De resto, e na situação concreta do vídeo, é basicamente isto.
Agora, vamos assumir que antes e depois do local mostrado no vídeo, a estrada continua a ser algo sinuosa e a não permitir a ultrapassagem segura de um pelotão deste tamanho, e o comportamento dos ciclistas se mantém.
Os eventuais erros legais (‘erros’ porque são más práticas de condução que geram situações de risco, mas ‘legais’ porque não são proibidos pelo CE) seriam:
Não se organizarem em 2 ou 3 sub-grupos com um espaçamento constante entre eles, e suficiente para acomodar um automóvel de cada vez, e assim criar condições para facilitar a ultrapassagem, progressiva, do grupo, em segurança.

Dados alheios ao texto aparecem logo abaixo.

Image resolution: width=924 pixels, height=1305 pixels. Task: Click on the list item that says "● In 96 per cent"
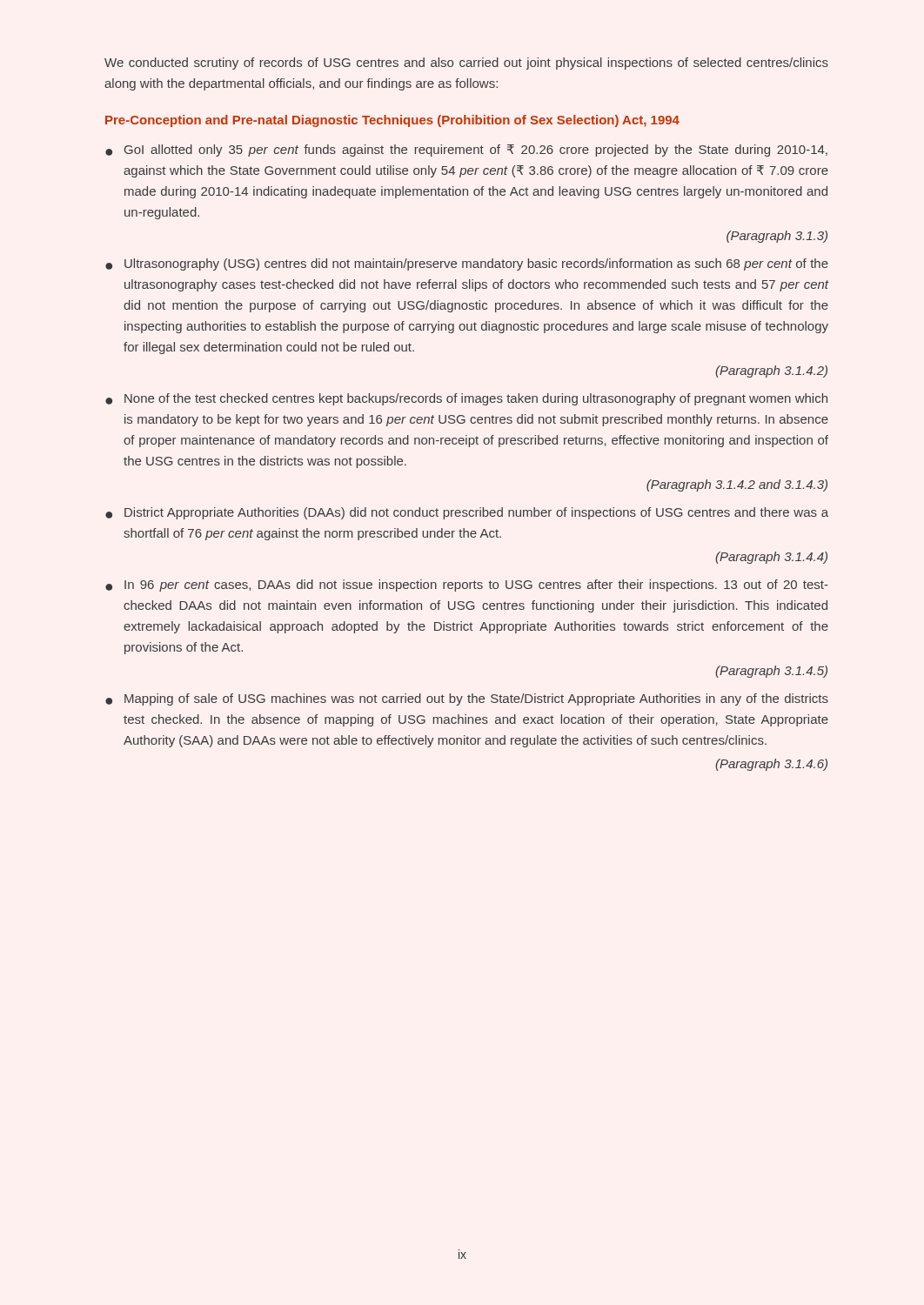[466, 616]

Os eventuais erros ilegais seriam:
Não desfazerem os pares para o ciclista mais à esquerda se poder chegar mais para a direita em segurança, para facilitarem a ultrapassagem quando há efectivamente condições de segurança para tais ultrapassagens (a lei obriga aos condutores de automóveis a usar a via adjacente e a manter pelo menos 1.5 m de distância lateral do ciclista durante a ultrapassagem) – infracção ao Art. 39.º n.º 1, coima de € 60 a € 300, e ao Art. 90.º n.º 2, coima de € 30 a € 150.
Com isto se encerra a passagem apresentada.